After the line containing "5. Add section", copy nothing more; up to and including it, copy every line of the listing exactly from the first, leaving out the pictures.
★ ★ ★ ★
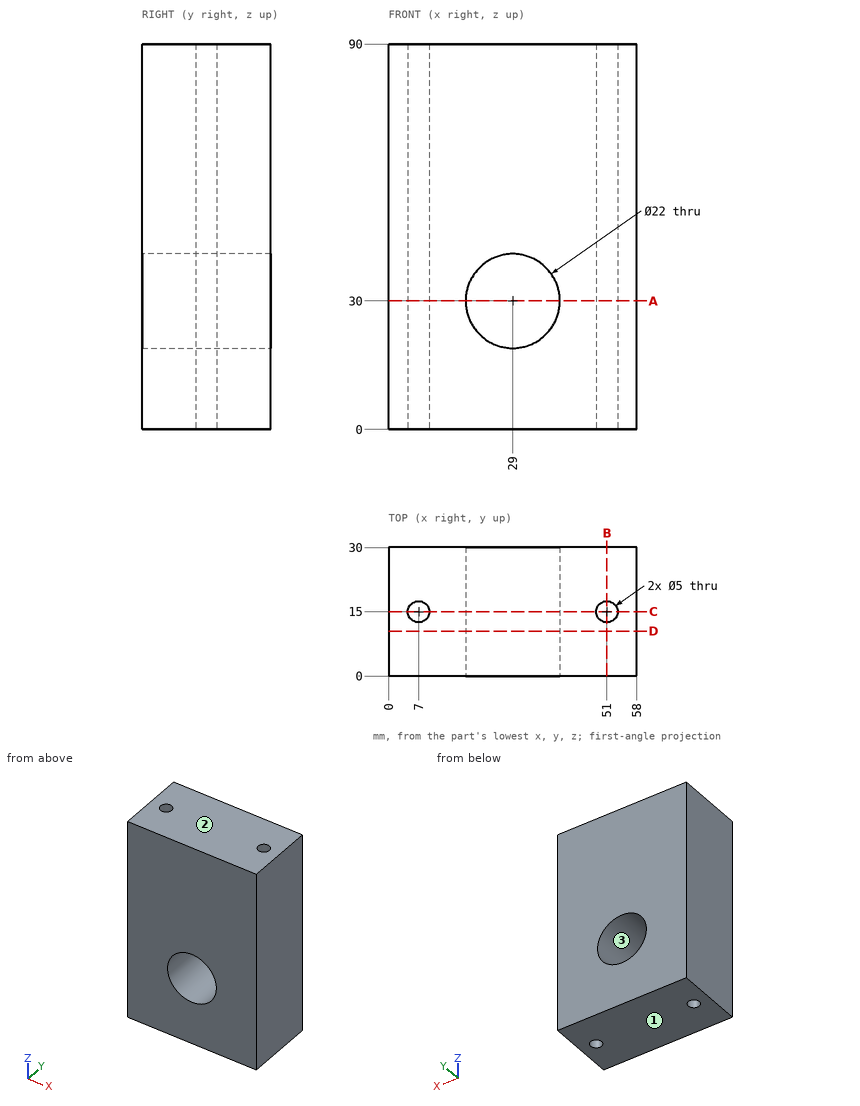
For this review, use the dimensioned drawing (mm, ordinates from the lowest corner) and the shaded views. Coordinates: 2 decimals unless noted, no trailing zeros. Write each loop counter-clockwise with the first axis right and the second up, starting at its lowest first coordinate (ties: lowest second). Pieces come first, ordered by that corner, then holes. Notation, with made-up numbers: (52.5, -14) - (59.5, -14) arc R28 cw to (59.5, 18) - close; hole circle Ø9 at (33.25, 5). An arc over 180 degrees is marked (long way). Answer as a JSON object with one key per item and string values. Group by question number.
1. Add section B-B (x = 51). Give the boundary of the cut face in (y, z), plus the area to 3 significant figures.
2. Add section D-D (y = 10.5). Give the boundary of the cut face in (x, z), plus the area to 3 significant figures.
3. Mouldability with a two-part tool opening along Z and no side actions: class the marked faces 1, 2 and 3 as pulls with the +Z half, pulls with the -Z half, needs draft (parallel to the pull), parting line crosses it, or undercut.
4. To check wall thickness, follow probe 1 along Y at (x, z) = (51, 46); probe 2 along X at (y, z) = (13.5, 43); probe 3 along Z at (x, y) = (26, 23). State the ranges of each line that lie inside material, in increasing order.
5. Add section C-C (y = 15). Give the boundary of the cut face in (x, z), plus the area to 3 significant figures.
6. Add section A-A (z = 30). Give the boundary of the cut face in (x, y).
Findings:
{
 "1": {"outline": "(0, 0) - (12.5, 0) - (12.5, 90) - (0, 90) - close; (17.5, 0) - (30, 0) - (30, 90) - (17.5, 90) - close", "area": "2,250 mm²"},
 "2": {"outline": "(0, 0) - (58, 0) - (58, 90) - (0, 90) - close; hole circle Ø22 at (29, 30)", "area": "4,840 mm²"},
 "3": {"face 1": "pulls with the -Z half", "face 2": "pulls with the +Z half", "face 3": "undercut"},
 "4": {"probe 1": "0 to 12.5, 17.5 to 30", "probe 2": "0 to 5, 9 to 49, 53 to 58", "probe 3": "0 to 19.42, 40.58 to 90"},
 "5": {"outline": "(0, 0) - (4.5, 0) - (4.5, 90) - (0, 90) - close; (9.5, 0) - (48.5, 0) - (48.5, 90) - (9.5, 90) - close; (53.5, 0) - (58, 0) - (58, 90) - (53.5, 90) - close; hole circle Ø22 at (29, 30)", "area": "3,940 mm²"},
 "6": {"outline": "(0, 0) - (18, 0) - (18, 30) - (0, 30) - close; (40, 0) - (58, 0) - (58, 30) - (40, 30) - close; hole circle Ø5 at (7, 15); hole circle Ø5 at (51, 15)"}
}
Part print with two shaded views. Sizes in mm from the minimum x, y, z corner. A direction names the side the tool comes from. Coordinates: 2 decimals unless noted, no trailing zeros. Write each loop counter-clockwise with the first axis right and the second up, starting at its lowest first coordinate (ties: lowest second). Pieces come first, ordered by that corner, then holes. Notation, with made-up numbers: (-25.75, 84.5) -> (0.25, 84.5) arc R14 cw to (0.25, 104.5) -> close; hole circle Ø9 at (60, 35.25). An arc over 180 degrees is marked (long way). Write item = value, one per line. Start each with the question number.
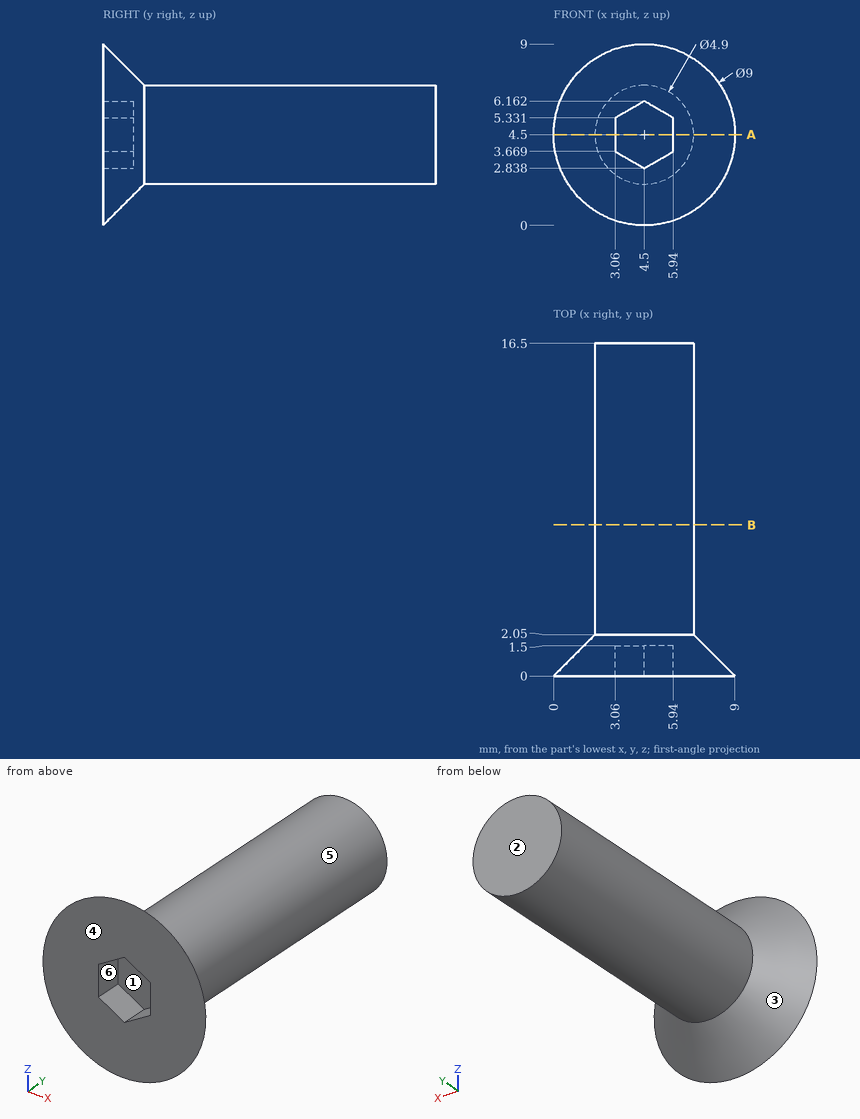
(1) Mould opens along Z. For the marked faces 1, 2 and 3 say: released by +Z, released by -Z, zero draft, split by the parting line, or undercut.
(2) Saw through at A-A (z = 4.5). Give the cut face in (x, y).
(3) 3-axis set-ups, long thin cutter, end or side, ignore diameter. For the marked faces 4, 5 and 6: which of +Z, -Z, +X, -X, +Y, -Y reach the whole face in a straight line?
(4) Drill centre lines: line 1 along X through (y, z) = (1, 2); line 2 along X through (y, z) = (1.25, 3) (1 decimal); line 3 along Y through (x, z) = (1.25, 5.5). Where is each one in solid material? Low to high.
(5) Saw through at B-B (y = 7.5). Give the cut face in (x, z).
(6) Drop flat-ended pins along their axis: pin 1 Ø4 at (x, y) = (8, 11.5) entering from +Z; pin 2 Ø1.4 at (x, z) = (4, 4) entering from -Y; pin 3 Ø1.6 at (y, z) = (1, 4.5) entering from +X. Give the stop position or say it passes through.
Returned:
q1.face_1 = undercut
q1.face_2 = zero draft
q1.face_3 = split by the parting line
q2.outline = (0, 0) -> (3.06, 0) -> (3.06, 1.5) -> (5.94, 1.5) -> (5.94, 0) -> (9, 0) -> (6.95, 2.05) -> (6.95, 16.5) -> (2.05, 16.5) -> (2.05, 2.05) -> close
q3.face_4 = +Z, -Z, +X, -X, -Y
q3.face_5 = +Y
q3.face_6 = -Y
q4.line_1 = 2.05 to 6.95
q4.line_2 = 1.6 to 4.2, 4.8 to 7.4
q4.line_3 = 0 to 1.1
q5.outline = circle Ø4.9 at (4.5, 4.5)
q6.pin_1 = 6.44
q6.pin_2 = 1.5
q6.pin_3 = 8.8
★ ★ ★ ★
*Finished exercise*
For this review, use the dimensioned drawing (mm, ordinates from the lowest corner) and the shaded views. Coordinates: 2 decimals unless noted, no trailing zeros. Write each loop counter-clockwise with the first axis right and the second up, starting at its lowest first coordinate (ties: lowest second). Pieces come first, ordered by that corner, then holes. Notation, with made-up numbers: (52.5, -14) - (59.5, -14) arc R28 cw to (59.5, 18) - close; hole circle Ø9 at (33.25, 5). An arc over 180 degrees is marked (long way). Answer as a JSON object with one key per item and string values. Group by question number.
1. Add section B-B (x = 51). Give the boundary of the cut face in (y, z), plus the area to 3 significant figures.
2. Add section D-D (y = 10.5). Give the boundary of the cut face in (x, z), plus the area to 3 significant figures.
3. Mouldability with a two-part tool opening along Z and no side actions: class the marked faces 1, 2 and 3 as pulls with the +Z half, pulls with the -Z half, needs draft (parallel to the pull), parting line crosses it, or undercut.
4. To check wall thickness, follow probe 1 along Y at (x, z) = (51, 46); probe 2 along X at (y, z) = (13.5, 43); probe 3 along Z at (x, y) = (26, 23). State the ranges of each line that lie inside material, in increasing order.
5. Add section C-C (y = 15). Give the boundary of the cut face in (x, z), plus the area to 3 significant figures.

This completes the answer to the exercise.